Parashat Shmot 5782, 20 Tevet/December 24, 2021
It was the smokiest backyard fire I have ever built.
We had an unseasonably warm, dry day in the middle of last week. Through sheer force of will I caught up on work, cleaned up after the dog, and hauled out the fire pit one last time before winter. We still have an enormous pile of cut firewood from the limb of our neighbors’ tree that crashed into our backyard on June 13th, sitting unused due to an excessive amount of rain, stress, and general exhaustion that has kept us from using it.
Unfortunately, the kindling, “dry leaves” that I had gathered in armfuls from the yard, wouldn’t light. Only the tops were dry; the lower surface where they had been in contact with the grass was wet and already composting in place. This didn’t become clear until they were already on the fire. I managed to salvage the endeavor by finding some newspaper indoors (not easy in 2021 – we’re reduced to burning junk mail coupons), but what resulted was a roaring fire that gave off so much smoke I was still smelling it the next day inside a facemask that hadn’t even been next to the fire.

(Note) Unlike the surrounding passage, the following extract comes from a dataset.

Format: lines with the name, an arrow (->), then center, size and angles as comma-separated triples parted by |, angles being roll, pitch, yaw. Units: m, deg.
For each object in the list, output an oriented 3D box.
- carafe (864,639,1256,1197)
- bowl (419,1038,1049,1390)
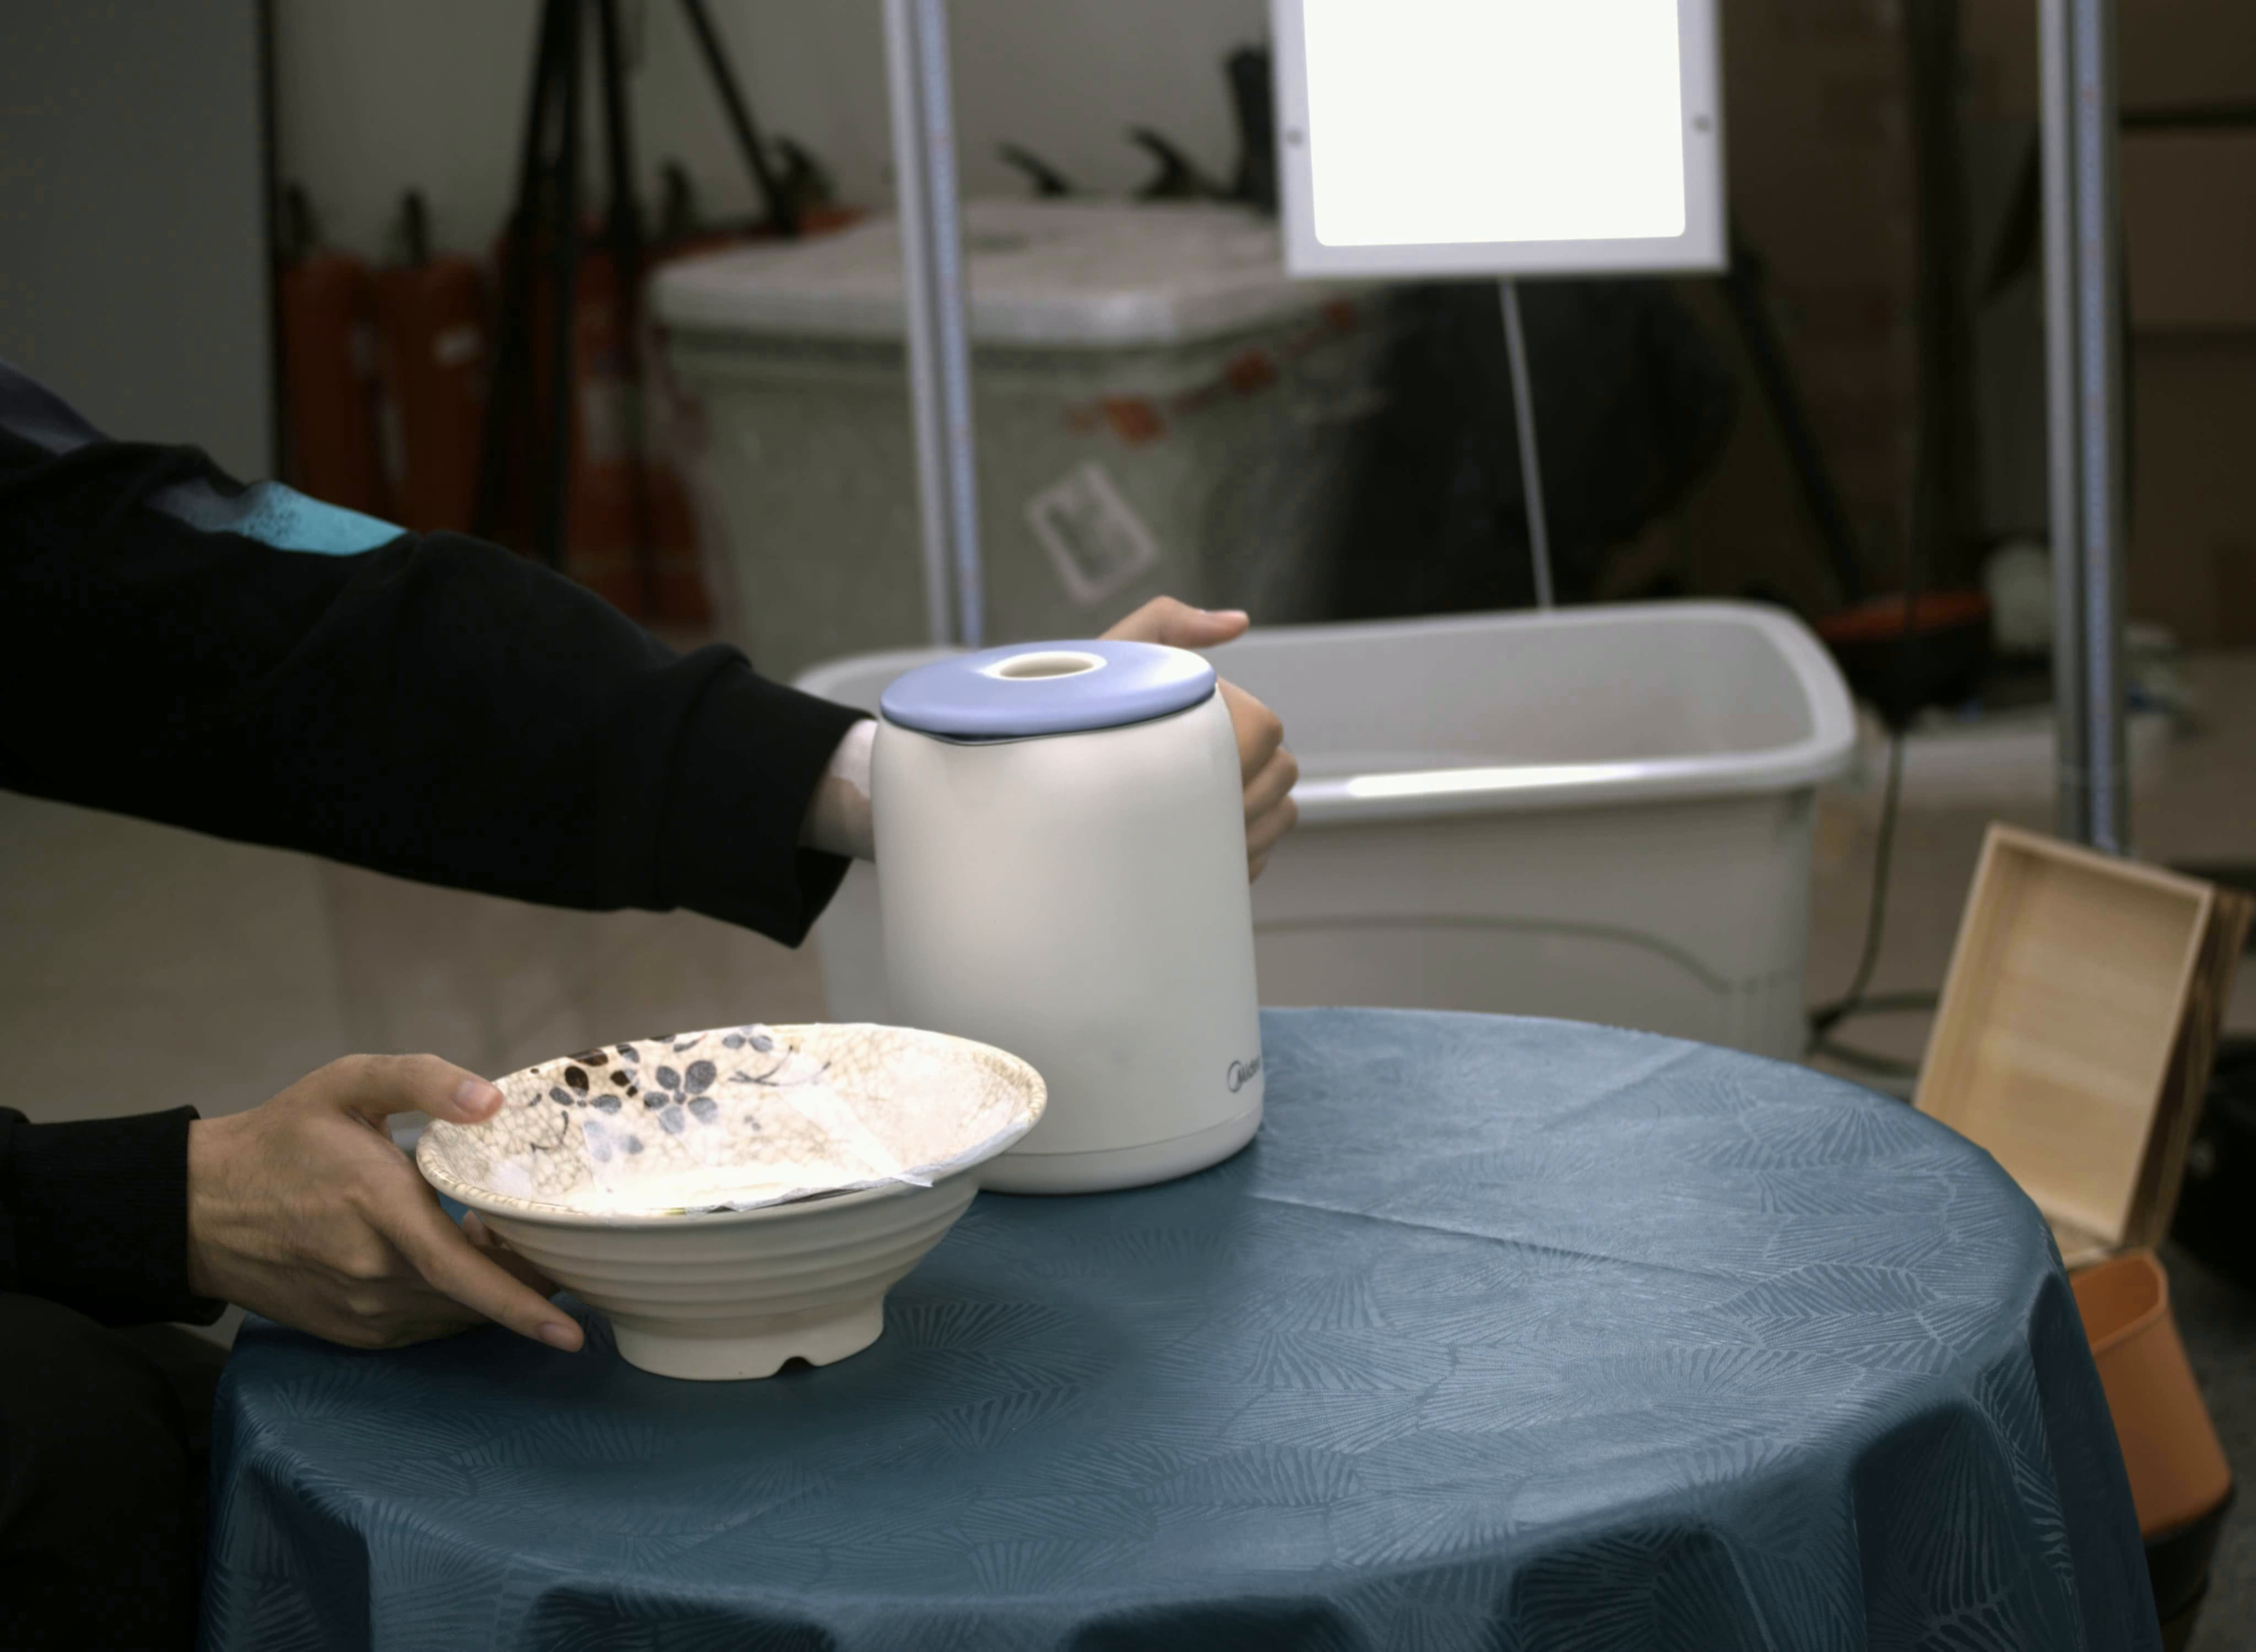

Building that fire was part of my attempt to climb out of a well of depression, the latest in a series I have experienced since the start of the pandemic. I wasn’t just building fires: I was playing music, finishing a collaborative piece of writing I’d been working on with Rick Light, even going out a few times to places that were vigilantly checking vaccine cards.
And then I got Omicron.
This has been the pattern: the sheer weight of responsibility, of loss, adds up until I start to spiral. I reach what feels like the bottom, and like Yosef in prison I decide I just can’t give myself over to despair. So I rally. I reach for inspiration. I write. I use my favorite Freudian defense mechanism, mastery, to gain a feeling of control over my work, gaining strength from knowing when I’ve made an astute diagnosis, said exactly what someone needs to hear, or gone the extra mile to make some difficult arrangement for a person I’m caring for. I connect with friends, live life to the reasonable limits of what is possible and safe in this time, even attend weddings. I feel alive again.

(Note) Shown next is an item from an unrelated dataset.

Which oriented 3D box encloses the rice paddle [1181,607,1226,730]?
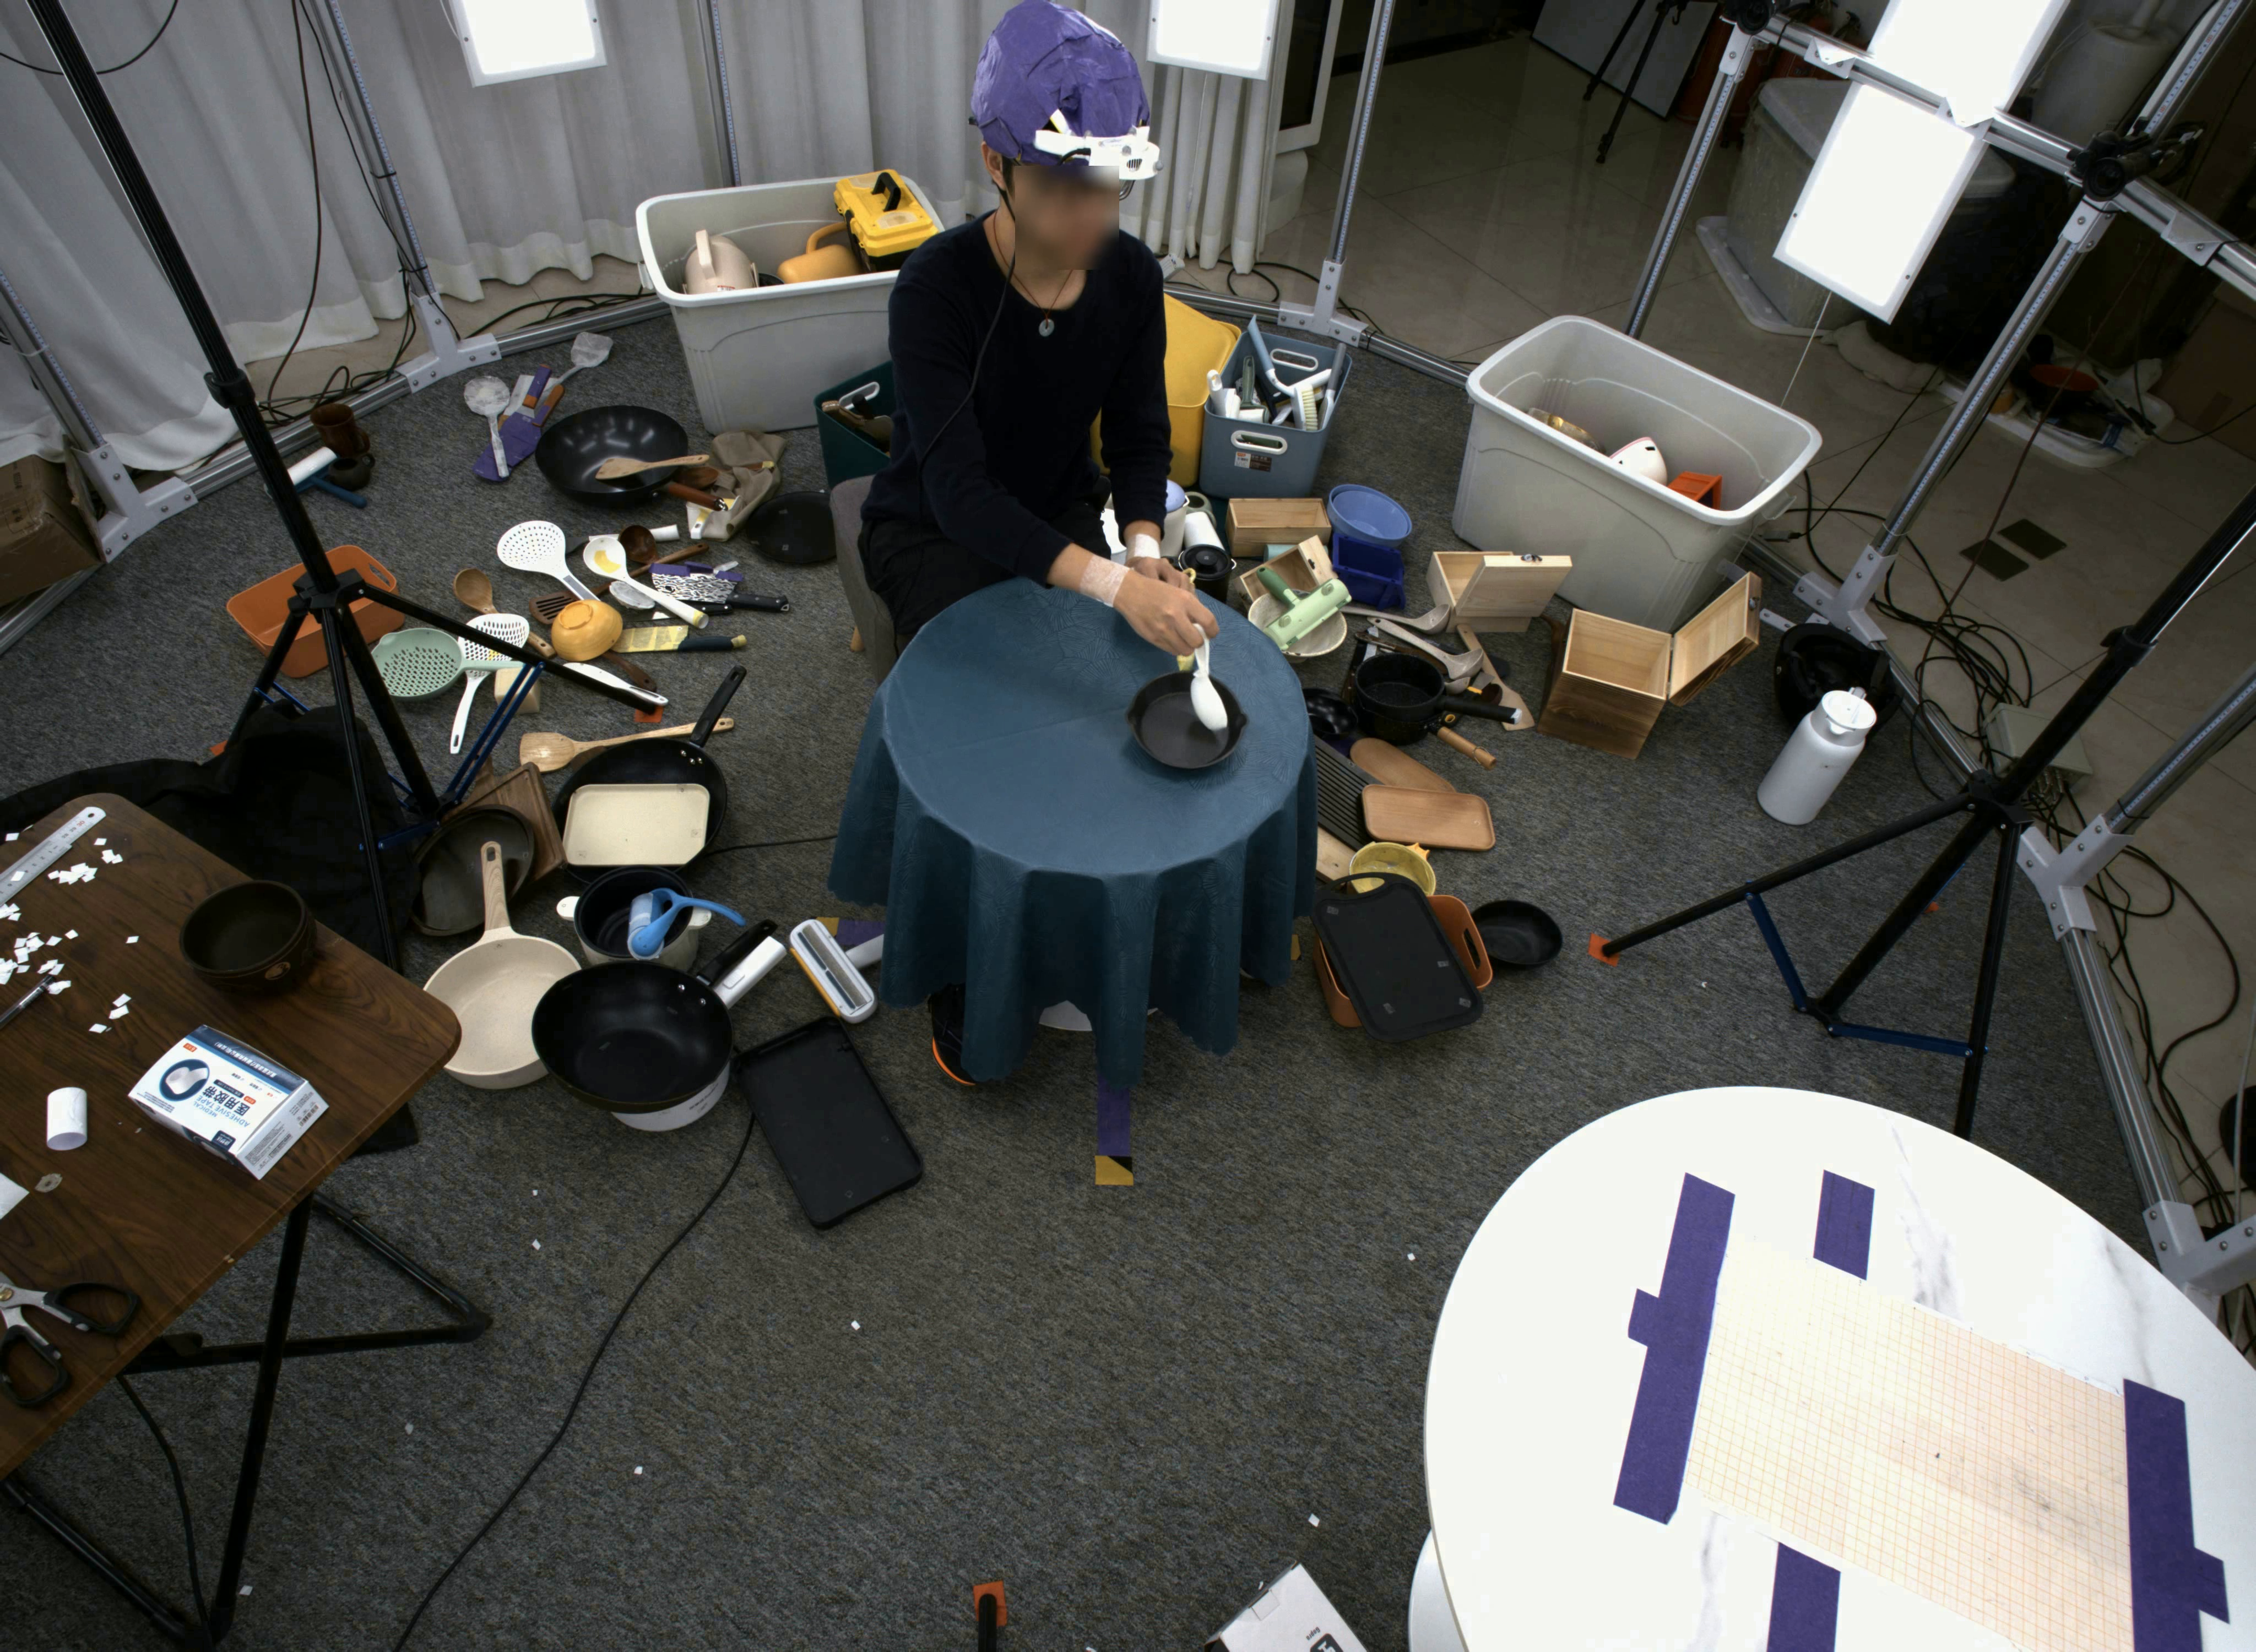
[{"bbox_3d":[0.099,-0.204,1.700,0.029,0.200,0.070,-38,51,-20],"label":"rice paddle"}]

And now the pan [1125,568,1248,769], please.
[{"bbox_3d":[0.084,-0.219,1.795,0.169,0.048,0.331,3,61,0],"label":"pan"}]

And then something happens, and I spiral again. Or in the case of this week, I just plummet.
After two years of this, it is reasonable to ask, “How much are we meant to endure?” By we, I could mean me, my family, our community (remember, I live in Pittsburgh, where we were barely a year into recovering from a terrorist attack on a synagogue when the pandemic started), the health professions, or the world as a whole. It doesn’t matter anymore; there is no one who has been untouched by the rolling series of disasters. How many more of these are we supposed to experience before it is reasonable to cry, “Stop! We can’t take anymore!”?
The last verses of chapter two of Shemot, which we read this week, show us a glimpse of the enslaved Israelites at a similar breaking point. “The Israelites were groaning under the bondage and cried out; and their cry for help from the bondage rose up to God.” A new Pharaoh had just taken power – not the one from Yosef’s time, who we learn at the beginning of chapter one is long gone, and not the one who decreed the policy of infanticide, but a third (at least) Pharaoh. While good for Moshe, since the warrant for his death expired with the death of the second Pharaoh, it was terrible for the Israelites since the new ruler had further worsened the conditions under which they worked. So they cried out for help.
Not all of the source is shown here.